◆ **EXERCISE DESCRIPTION**
Scan the listing below for the string "Metronome" and copy each line where it turns up.

** Opening WORKING DATA block **

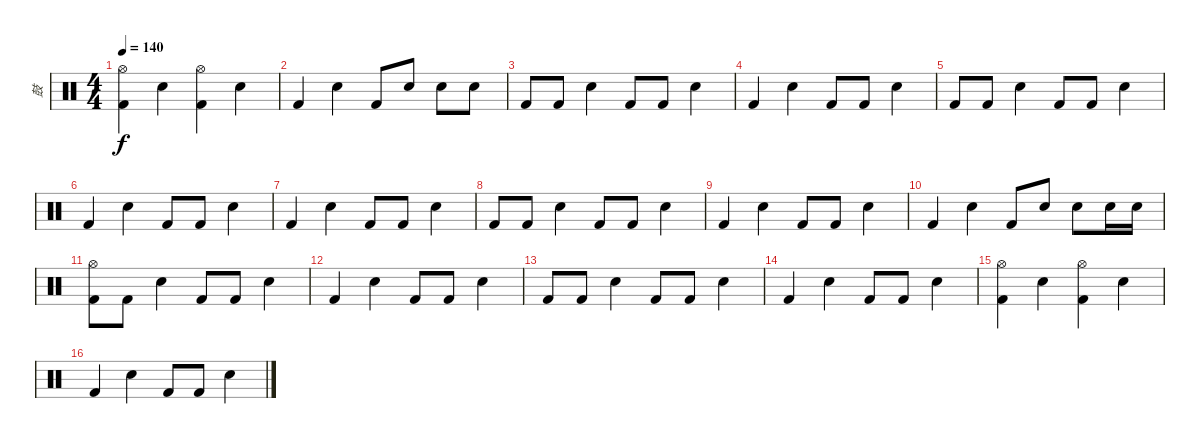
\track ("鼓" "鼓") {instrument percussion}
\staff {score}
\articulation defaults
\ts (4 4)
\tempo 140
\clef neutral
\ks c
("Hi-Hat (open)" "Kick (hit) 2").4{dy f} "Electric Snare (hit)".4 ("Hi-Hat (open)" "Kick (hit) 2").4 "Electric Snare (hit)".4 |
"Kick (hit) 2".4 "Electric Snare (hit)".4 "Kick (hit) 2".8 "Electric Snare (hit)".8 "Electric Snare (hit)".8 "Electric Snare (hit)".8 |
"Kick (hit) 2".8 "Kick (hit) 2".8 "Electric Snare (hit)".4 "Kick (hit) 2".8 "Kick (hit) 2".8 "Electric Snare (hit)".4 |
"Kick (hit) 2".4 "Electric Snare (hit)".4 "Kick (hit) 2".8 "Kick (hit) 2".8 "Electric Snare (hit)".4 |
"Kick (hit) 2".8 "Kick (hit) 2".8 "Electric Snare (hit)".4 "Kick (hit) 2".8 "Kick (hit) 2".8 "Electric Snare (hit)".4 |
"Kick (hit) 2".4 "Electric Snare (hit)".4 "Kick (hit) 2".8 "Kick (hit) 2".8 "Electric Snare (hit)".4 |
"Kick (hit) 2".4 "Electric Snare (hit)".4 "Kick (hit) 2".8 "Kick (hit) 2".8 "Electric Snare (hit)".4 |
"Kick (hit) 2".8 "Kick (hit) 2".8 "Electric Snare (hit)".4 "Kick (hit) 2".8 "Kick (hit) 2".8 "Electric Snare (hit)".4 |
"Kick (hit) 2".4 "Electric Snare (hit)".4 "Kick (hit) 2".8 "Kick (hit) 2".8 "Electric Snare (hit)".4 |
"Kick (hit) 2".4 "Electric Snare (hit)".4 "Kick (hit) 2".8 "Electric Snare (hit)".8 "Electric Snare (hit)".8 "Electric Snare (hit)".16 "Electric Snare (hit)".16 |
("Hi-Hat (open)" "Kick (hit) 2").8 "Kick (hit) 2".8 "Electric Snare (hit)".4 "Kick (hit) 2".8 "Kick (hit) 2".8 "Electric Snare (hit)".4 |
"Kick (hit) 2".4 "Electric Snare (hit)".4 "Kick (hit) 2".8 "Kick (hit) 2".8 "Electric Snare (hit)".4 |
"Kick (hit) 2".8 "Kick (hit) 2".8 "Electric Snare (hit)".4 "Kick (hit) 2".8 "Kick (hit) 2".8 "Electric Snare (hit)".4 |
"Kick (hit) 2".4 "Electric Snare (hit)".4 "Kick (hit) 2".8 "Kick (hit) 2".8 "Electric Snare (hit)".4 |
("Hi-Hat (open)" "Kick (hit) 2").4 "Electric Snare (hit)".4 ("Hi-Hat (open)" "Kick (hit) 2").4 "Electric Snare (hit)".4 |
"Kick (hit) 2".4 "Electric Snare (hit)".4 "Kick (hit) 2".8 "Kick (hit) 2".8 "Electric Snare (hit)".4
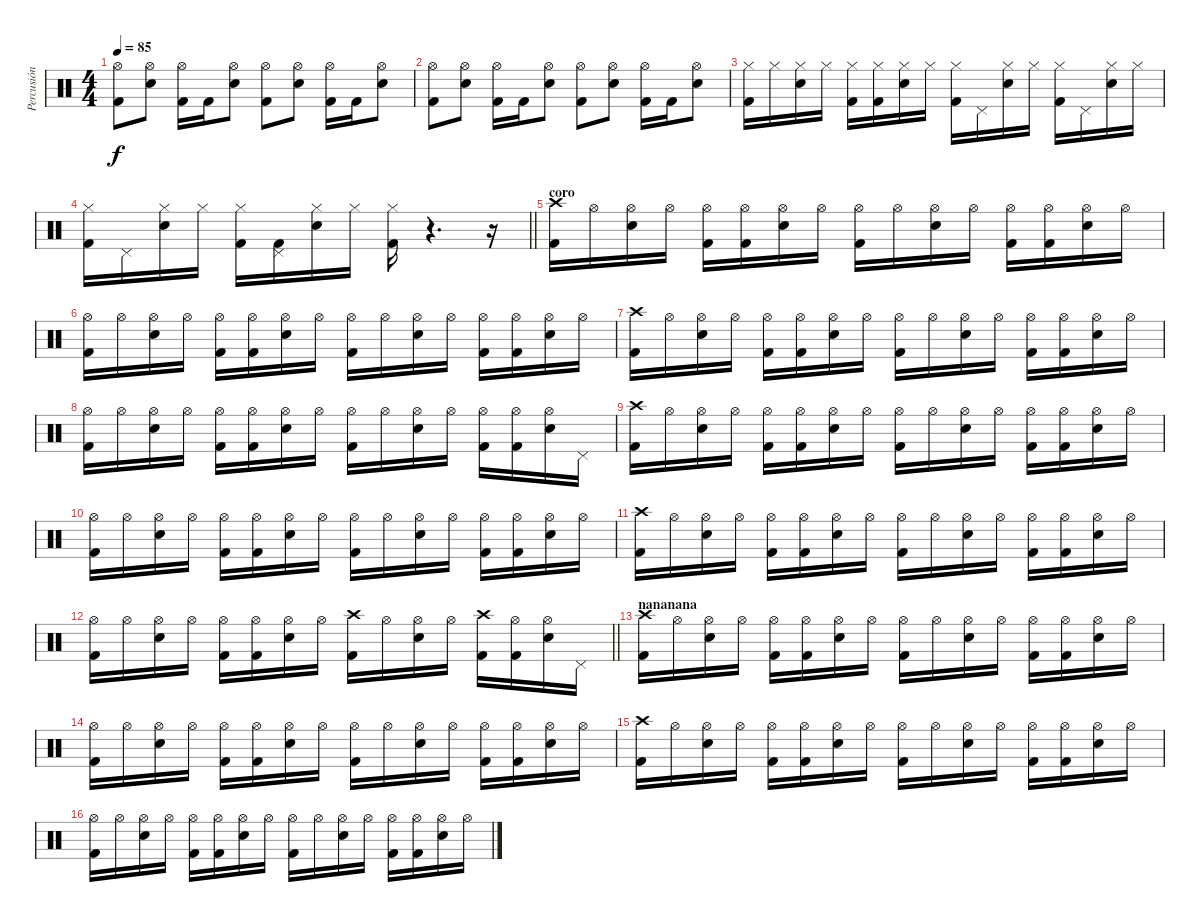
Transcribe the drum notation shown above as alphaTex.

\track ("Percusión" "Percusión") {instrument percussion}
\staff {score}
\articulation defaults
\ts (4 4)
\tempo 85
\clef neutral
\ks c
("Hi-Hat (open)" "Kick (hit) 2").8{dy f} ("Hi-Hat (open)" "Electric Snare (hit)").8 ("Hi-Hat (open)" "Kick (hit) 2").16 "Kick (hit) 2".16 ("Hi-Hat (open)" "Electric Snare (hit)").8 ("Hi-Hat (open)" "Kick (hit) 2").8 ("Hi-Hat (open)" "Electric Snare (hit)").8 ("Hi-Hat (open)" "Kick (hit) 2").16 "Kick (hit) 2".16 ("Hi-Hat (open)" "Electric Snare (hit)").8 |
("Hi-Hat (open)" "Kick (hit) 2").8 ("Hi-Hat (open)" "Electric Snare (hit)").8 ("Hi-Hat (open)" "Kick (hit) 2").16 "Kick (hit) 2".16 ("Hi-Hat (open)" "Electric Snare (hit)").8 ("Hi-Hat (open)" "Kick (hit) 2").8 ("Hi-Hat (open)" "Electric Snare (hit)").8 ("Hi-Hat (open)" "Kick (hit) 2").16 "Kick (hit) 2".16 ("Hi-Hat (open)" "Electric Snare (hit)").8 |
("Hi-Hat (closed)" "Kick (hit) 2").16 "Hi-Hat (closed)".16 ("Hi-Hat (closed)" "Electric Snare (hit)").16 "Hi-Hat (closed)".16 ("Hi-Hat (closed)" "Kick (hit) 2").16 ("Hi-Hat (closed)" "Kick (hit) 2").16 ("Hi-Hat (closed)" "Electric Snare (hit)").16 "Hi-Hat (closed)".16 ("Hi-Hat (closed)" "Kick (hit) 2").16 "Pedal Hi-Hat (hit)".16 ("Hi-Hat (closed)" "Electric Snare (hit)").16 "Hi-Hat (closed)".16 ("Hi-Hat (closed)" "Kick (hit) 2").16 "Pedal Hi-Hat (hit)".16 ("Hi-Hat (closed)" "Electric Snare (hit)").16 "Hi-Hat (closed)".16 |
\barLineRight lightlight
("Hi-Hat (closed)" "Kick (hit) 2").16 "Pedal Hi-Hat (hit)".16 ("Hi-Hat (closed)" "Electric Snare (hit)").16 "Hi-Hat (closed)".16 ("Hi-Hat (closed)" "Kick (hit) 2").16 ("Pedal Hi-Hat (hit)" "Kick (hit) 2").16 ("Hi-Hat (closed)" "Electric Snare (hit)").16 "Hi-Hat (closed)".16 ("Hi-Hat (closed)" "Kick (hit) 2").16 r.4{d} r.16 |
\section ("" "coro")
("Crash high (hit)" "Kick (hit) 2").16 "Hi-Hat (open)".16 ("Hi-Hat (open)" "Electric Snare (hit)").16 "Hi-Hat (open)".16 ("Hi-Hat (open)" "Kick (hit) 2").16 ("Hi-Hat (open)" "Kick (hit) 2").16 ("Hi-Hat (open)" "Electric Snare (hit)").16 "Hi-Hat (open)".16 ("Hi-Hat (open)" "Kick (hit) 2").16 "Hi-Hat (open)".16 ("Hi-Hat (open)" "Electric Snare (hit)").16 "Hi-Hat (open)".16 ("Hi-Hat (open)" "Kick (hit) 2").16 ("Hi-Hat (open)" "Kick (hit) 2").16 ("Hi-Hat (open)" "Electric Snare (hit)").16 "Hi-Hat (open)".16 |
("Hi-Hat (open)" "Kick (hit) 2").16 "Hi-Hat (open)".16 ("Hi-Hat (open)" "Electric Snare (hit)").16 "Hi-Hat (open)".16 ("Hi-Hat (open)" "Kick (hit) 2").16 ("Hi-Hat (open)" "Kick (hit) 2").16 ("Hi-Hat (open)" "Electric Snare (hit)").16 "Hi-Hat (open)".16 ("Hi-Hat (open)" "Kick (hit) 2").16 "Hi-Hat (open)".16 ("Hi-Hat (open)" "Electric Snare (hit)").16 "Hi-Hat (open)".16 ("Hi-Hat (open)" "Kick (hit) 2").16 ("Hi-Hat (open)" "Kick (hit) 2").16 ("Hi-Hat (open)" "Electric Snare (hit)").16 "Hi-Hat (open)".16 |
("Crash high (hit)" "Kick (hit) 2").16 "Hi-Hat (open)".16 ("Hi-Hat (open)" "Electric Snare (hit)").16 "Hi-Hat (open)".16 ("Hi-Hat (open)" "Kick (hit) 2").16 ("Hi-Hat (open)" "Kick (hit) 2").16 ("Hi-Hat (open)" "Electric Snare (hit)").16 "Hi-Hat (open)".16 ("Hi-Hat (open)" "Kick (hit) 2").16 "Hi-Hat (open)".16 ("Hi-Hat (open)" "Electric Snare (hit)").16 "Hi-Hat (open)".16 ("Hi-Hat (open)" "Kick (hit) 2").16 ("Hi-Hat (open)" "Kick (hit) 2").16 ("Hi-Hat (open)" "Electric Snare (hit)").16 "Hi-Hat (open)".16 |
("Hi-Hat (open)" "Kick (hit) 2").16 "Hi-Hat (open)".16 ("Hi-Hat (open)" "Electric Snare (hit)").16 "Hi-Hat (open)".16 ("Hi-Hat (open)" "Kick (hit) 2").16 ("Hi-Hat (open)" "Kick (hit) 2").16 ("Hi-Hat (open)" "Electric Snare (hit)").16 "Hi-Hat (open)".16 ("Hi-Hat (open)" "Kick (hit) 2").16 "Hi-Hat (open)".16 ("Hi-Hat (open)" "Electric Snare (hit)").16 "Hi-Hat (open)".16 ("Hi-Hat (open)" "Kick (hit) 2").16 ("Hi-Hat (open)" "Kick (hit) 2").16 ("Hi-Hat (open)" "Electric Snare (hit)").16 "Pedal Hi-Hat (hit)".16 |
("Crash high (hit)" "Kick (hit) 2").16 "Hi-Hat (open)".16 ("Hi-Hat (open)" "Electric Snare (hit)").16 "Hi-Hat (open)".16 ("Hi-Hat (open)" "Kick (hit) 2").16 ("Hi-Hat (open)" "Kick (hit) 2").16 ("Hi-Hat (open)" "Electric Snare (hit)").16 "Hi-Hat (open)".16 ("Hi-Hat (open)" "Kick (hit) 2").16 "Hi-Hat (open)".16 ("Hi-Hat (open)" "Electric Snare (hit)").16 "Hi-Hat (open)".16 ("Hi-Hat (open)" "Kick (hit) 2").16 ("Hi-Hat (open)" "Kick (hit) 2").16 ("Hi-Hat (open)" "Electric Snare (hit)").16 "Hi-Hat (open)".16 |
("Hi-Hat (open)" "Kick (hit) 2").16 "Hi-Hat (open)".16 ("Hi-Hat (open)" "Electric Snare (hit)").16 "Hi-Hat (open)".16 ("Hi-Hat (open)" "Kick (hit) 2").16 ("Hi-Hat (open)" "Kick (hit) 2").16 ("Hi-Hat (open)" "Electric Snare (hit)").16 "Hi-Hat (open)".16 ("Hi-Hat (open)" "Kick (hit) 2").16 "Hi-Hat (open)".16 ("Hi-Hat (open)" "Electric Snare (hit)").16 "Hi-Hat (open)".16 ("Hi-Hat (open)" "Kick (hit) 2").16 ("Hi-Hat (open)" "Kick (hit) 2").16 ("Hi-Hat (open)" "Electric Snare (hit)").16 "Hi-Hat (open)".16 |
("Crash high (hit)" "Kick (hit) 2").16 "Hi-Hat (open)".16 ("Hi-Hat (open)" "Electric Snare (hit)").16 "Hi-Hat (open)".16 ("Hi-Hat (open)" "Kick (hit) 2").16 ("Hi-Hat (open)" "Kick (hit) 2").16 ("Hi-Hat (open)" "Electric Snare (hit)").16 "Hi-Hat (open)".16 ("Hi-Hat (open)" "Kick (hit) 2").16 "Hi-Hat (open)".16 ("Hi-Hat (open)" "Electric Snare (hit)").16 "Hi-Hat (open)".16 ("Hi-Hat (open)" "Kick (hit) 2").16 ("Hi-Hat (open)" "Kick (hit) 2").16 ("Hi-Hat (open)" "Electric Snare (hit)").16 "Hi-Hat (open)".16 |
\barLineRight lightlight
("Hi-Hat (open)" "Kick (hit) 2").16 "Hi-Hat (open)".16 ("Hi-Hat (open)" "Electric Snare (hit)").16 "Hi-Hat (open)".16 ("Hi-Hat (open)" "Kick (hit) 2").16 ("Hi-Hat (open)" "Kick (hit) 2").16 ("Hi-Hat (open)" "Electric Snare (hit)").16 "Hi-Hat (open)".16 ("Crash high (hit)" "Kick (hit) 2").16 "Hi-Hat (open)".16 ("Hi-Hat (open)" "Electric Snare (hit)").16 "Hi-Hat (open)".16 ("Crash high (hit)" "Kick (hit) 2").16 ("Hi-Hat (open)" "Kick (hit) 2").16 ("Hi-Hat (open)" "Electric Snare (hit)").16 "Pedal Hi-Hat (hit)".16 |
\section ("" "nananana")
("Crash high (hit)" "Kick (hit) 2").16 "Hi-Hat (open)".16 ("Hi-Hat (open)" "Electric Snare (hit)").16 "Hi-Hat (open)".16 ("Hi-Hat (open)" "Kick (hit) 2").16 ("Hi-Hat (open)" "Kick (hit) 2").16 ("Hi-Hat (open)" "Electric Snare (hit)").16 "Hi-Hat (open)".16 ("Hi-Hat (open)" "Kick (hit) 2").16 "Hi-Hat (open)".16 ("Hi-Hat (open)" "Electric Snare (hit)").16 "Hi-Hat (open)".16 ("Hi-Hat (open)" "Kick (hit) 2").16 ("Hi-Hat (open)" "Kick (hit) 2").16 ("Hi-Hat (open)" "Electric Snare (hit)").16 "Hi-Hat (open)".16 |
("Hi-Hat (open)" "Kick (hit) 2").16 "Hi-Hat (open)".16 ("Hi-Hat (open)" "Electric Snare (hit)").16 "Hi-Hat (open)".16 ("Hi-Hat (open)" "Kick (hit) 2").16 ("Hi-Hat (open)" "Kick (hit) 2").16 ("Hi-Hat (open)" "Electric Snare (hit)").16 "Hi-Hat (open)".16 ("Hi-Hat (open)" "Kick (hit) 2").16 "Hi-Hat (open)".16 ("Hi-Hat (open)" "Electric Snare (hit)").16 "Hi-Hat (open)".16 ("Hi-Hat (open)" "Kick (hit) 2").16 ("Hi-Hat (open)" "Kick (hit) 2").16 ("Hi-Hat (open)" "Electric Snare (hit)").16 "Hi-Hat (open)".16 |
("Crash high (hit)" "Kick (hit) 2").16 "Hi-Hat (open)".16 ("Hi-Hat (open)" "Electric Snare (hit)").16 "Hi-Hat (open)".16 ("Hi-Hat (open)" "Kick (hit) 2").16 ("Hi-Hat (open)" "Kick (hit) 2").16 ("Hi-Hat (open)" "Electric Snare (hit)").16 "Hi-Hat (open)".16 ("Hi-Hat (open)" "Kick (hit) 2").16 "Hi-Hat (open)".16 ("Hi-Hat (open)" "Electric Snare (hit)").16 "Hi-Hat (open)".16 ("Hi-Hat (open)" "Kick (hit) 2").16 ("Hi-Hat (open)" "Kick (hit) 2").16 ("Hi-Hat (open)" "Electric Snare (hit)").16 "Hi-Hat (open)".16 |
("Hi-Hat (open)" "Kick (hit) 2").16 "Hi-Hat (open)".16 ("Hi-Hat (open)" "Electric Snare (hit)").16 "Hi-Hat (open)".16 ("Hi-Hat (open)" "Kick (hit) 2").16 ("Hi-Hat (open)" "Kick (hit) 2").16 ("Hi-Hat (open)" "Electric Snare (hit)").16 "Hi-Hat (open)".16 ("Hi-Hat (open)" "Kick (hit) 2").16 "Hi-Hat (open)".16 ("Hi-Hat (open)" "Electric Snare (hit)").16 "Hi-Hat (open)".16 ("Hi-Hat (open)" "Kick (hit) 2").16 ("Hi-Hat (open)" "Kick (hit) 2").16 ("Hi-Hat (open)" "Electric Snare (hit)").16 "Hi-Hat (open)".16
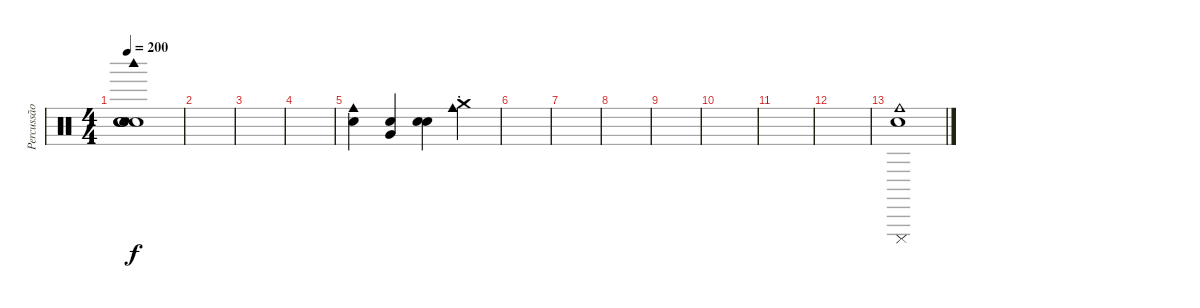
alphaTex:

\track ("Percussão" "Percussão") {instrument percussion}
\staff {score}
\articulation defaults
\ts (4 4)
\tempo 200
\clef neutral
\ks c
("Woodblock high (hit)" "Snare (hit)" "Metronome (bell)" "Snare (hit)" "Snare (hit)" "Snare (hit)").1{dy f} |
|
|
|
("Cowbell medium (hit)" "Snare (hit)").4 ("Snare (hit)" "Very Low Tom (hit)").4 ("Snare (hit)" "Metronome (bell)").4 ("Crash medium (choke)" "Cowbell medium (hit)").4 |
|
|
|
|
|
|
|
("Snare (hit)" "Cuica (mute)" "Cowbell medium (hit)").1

** Closing WORKING DATA block **

◆ **FINAL ANSWER**
("Woodblock high (hit)" "Snare (hit)" "Metronome (bell)" "Snare (hit)" "Snare (hit)" "Snare (hit)").1{dy f} |
("Cowbell medium (hit)" "Snare (hit)").4 ("Snare (hit)" "Very Low Tom (hit)").4 ("Snare (hit)" "Metronome (bell)").4 ("Crash medium (choke)" "Cowbell medium (hit)").4 |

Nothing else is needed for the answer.